M.G.: Sim. Entre os casos que pesquisamos, teve aquele, por exemplo, de uma paciente grávida que foi para o setor de obstetrícia dizendo que gostaria de ter o bebê no mesmo dia. A parteira explicou que ainda era muito cedo. Realmente, a mulher estava no sétimo mês.
Discutindo com a mulher, a parteira descobriu que a avó tinha feito uma “mandinga”, que ela iria perder o bebê caso ele não nascesse logo. Já que a antecipação nem foi cogitada iniciou-se uma negociação para saber até quando a mulher poderia esperar. Eles acabaram achando uma solução.
swissinfo.ch: Entre os outros aspectos que variam fortemente de uma cultura a outra é a expressão da dor. Como avaliá-la?
M.G.: Em geral tenta-se examinar o nível de sofrimento levando em conta a avaliação do médico, das enfermeiras e do paciente. De qualquer maneira é muito difícil. Cada cultura tem um maneira diferente de manifestar a dor. Para o pessoal médico já é complicado medir a dor de quem lhe é culturalmente próximo. Imagina quando se tratam de pessoas de outras culturas!

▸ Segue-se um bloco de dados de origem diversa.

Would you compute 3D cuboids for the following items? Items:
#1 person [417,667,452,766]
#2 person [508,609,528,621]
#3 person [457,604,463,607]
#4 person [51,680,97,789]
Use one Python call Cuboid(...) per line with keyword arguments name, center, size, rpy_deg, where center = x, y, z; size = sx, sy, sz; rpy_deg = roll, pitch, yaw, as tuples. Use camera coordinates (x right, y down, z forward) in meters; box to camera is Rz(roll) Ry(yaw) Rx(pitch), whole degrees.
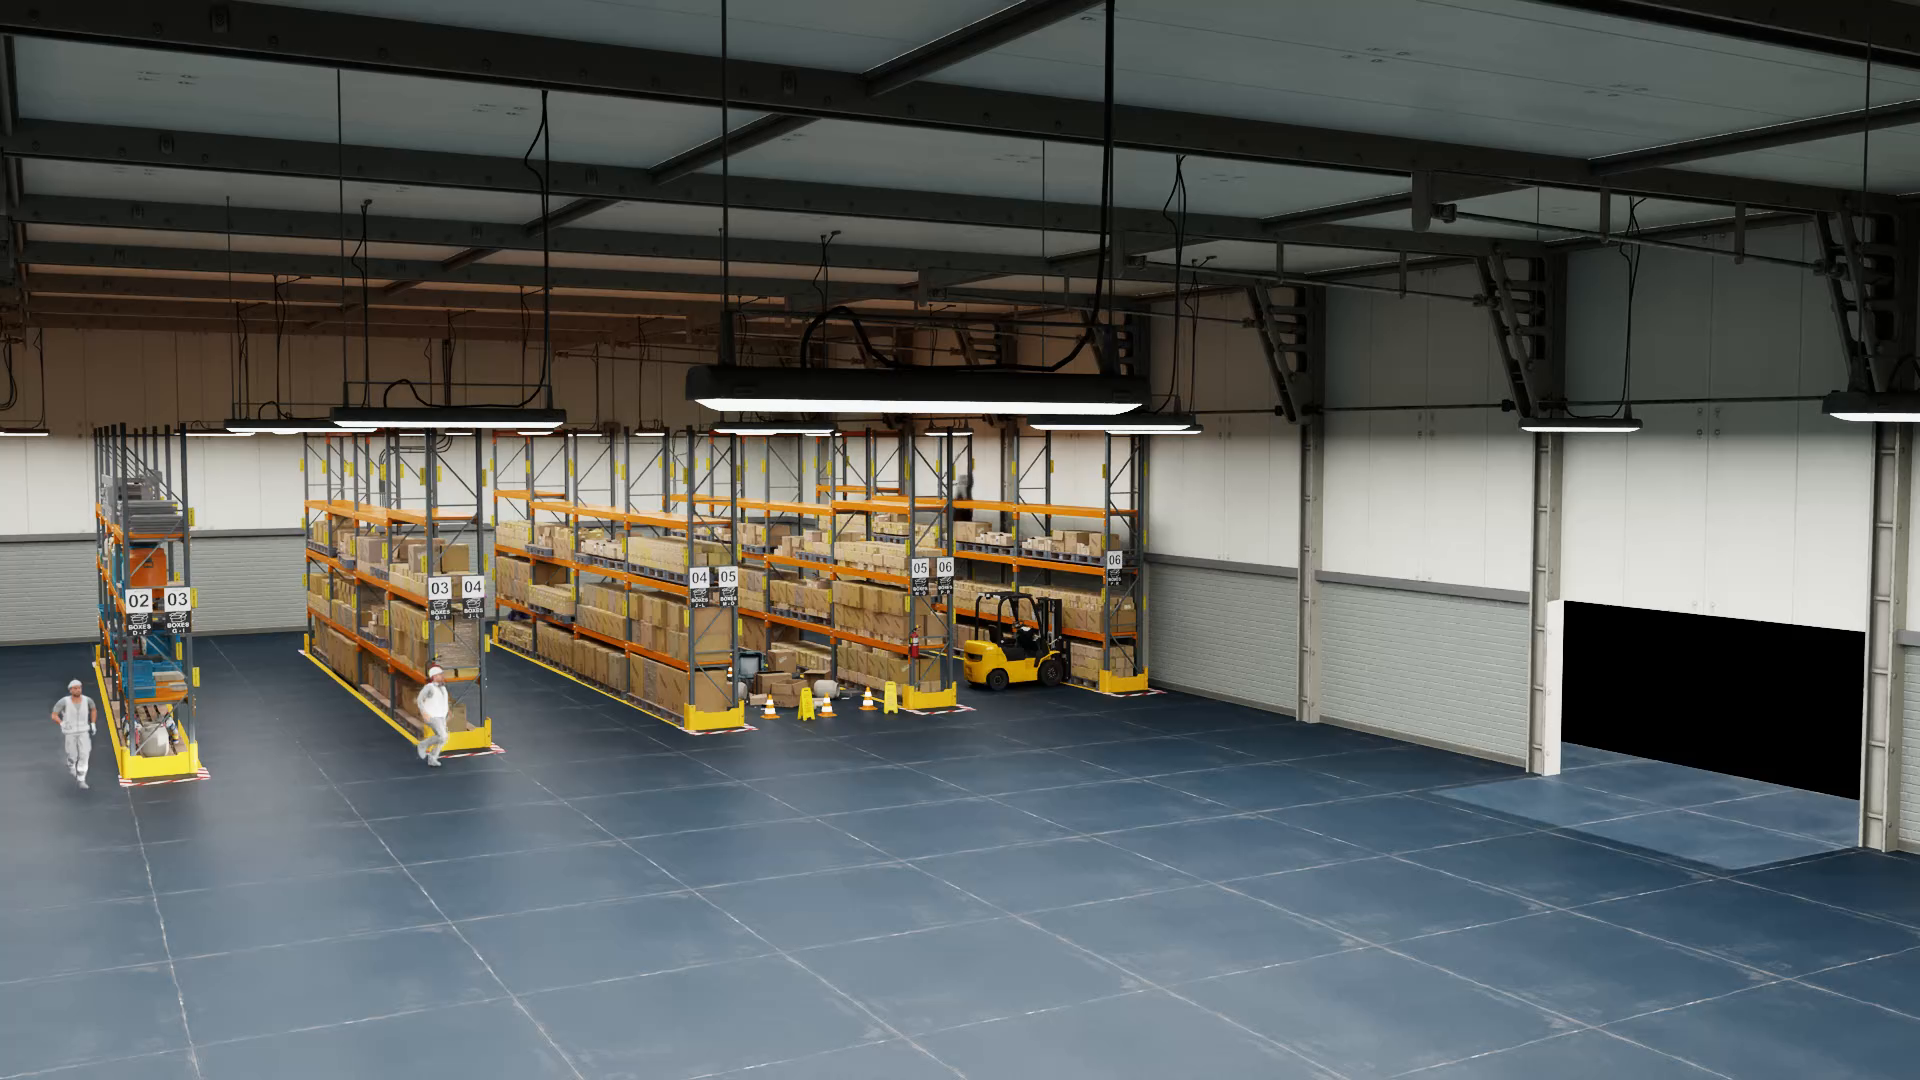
Cuboid(name="person", center=(-9.219, 3.097, 29.347), size=(0.535, 1.698, 0.683), rpy_deg=(1, 4, 18))
Cuboid(name="person", center=(-12.798, 1.985, 48.421), size=(0.856, 1.684, 0.603), rpy_deg=(-2, 4, -31))
Cuboid(name="person", center=(-14.200, 2.044, 47.007), size=(0.769, 1.678, 0.745), rpy_deg=(1, 4, 21))
Cuboid(name="person", center=(-14.615, 3.188, 27.488), size=(0.698, 1.770, 0.762), rpy_deg=(-3, 4, -39))

Um estudo indica, por exemplo, que os americanos brancos reclamam menos da dor do que os americanos negros. Se levamos em conta alguns casos mais perto de nós constatamos que as pessoas da Somália possuem a tendência de expressar a dor de forma intensa. Algumas vezes essa atitude provoca a nossa incompreensão, não estamos acostumados a isso porque não se age assim na nossa cultura.

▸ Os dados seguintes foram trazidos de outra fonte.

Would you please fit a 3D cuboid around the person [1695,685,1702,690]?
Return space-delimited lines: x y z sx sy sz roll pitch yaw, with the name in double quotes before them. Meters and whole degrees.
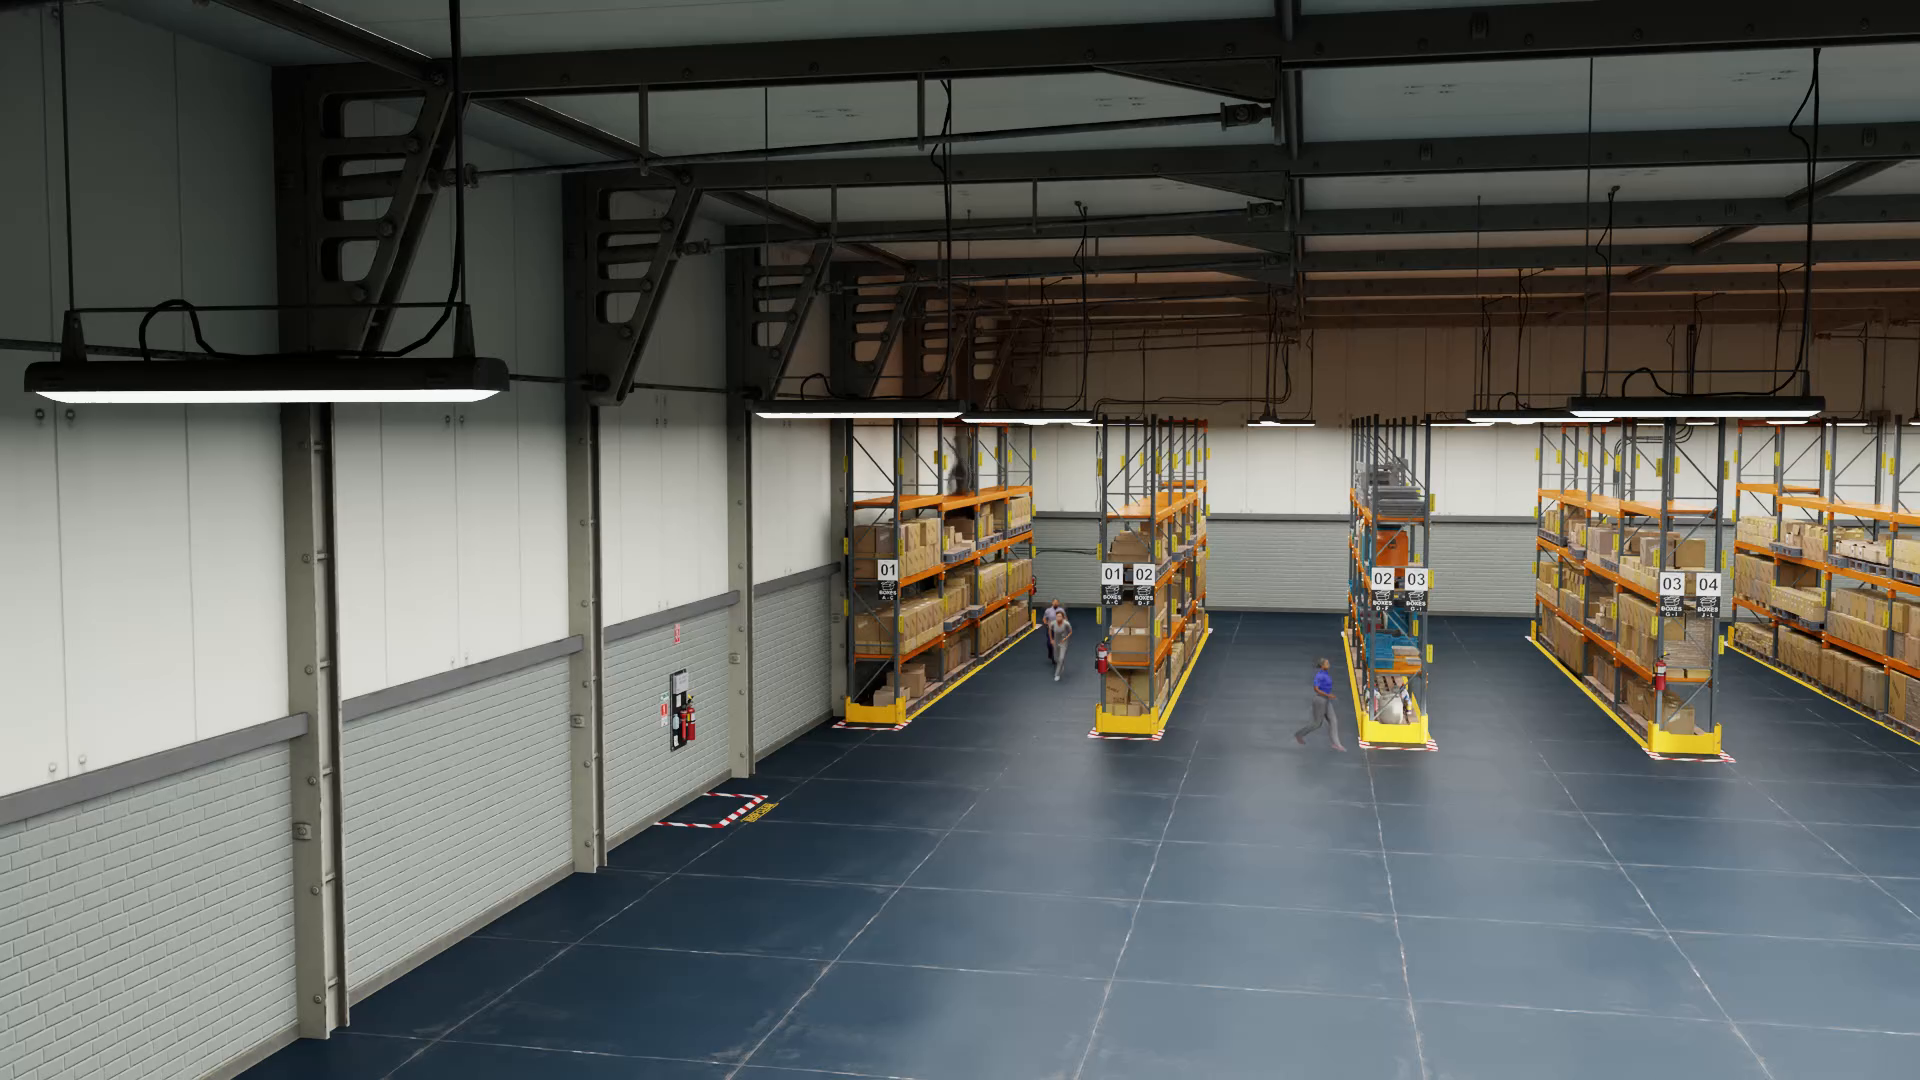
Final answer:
"person" 16.263 2.402 36.837 0.687 1.822 0.871 0 4 3

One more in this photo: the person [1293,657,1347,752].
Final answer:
"person" 6.469 2.918 29.690 0.958 1.647 0.618 2 4 28

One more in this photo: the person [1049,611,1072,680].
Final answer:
"person" 2.309 2.407 38.143 0.557 1.605 0.745 1 4 8

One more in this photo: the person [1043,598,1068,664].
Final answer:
"person" 2.335 2.216 40.681 0.595 1.601 0.561 0 4 3

swissinfo.ch: Até mesmo o pessoal médico tem origem cada vez mais frequente em horizontes culturais diferentes. Quais são os desafios que se colocam na questão da formação?
M.G.: Principalmente, é uma questão de aprendizagem de códigos sociais. Por exemplo: os estudantes originários da África- subsaariana não encaram as pessoas nos olhos, mais ainda quando estão diante de gente mais velha ou dos médicos. Para eles é um sinal de respeito, para nós, ao contrário, é um sinal de falta de educação.

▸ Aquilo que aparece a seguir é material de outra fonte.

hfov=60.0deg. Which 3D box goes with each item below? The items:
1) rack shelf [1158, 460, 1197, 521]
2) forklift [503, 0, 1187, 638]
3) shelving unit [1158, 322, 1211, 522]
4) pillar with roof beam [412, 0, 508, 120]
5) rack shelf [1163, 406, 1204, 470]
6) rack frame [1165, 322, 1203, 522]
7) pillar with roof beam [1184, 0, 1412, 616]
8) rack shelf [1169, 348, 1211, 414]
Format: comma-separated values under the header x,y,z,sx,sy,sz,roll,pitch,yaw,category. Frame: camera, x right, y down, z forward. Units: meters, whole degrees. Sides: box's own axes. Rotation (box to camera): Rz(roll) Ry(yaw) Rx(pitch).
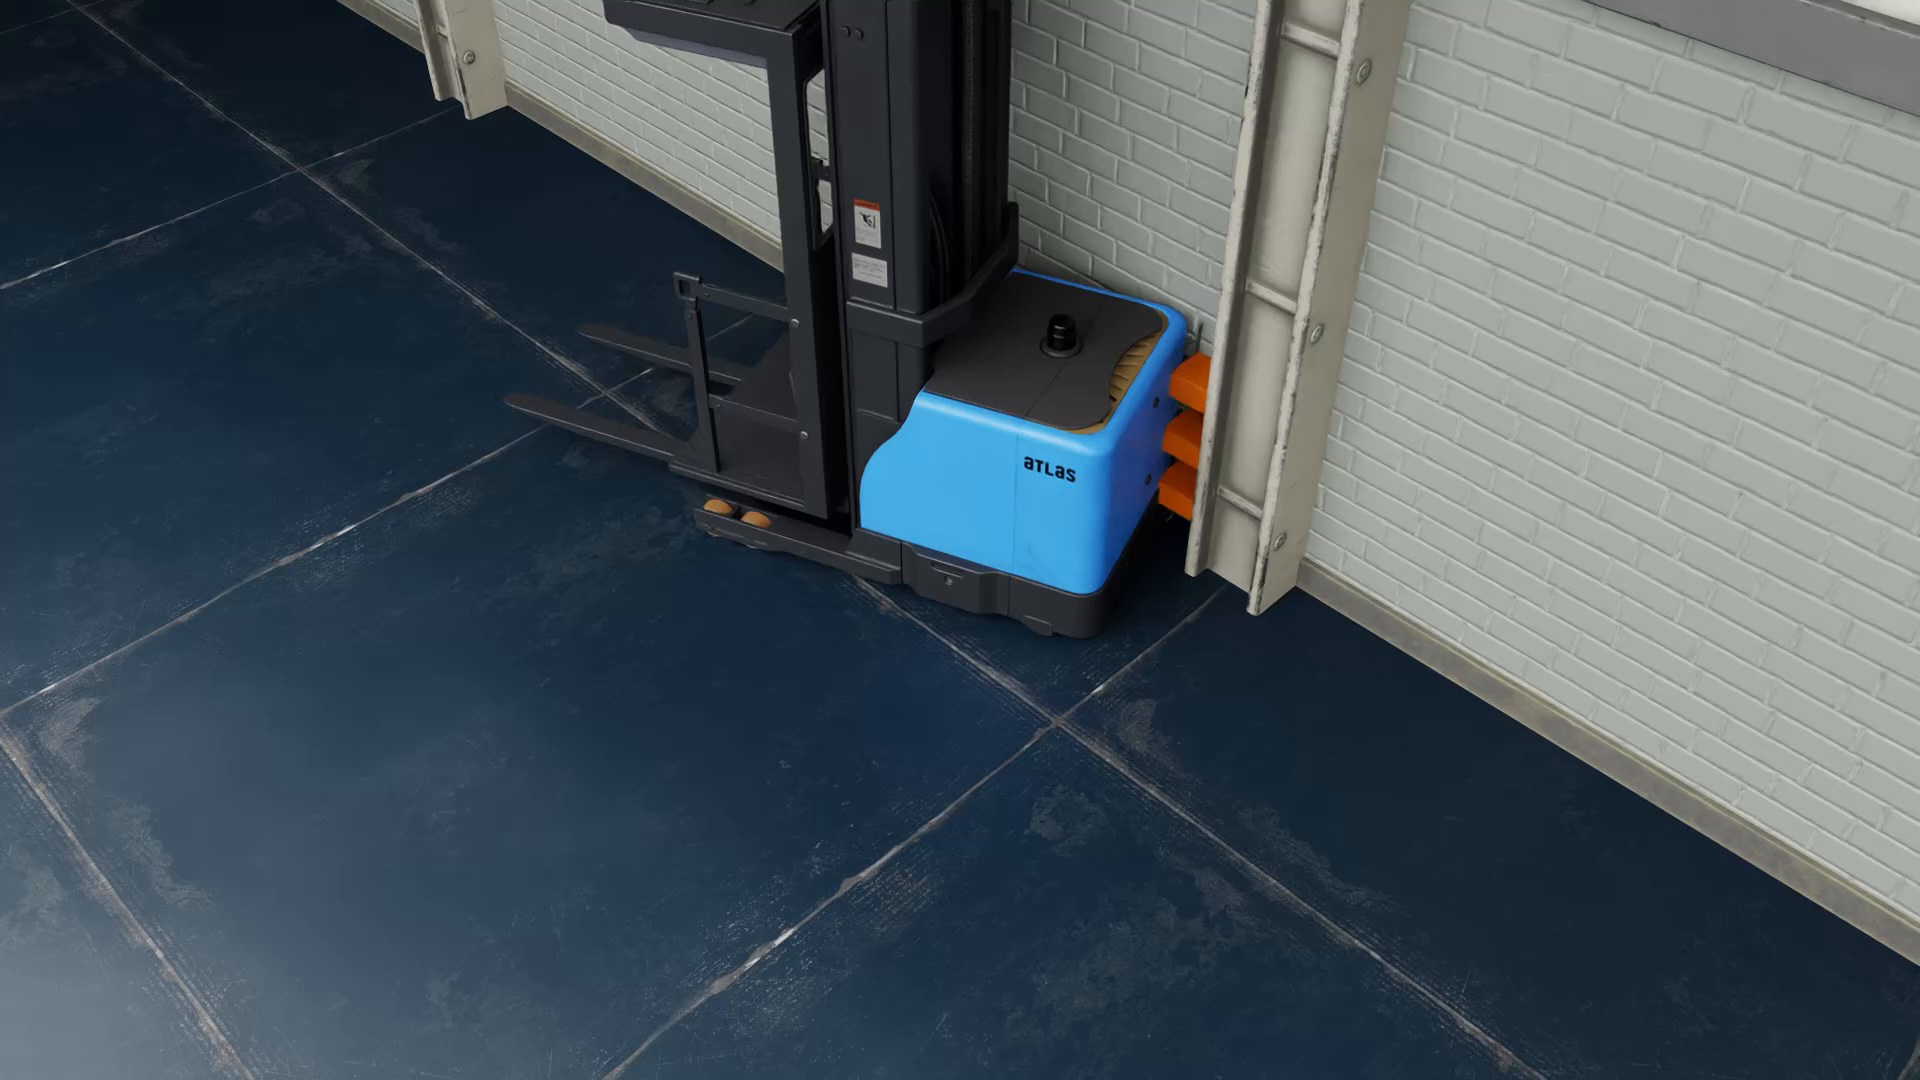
x,y,z,sx,sy,sz,roll,pitch,yaw,category
0.980,-0.174,7.212,0.240,0.259,0.215,34,50,30,rack shelf
-0.616,-1.345,6.664,3.031,2.935,1.130,17,45,18,forklift
0.990,-0.390,7.020,0.252,1.050,0.215,34,50,30,shelving unit
-6.066,-3.969,5.032,9.100,9.000,0.400,-34,53,-31,pillar with roof beam
0.990,-0.382,7.027,0.240,0.259,0.215,34,50,30,rack shelf
0.902,-0.448,7.082,0.008,1.050,0.200,34,50,30,rack frame
-1.829,-1.086,1.912,9.100,9.000,0.400,-34,53,-31,pillar with roof beam
0.999,-0.594,6.839,0.240,0.259,0.215,34,50,30,rack shelf

Ou devem aprender a enfrentar episódios de racismo, que estão na ordem do dia. O que fazer com um paciente que recusa um tramento porque o enfermeiro tem uma cor diferente da sua?
Por outro lado, eles nos dão muito porque trazem uma experiência e um modo de viver diferentes. Possuem uma enorme paciência e uma grande competência em matéria de comunicação.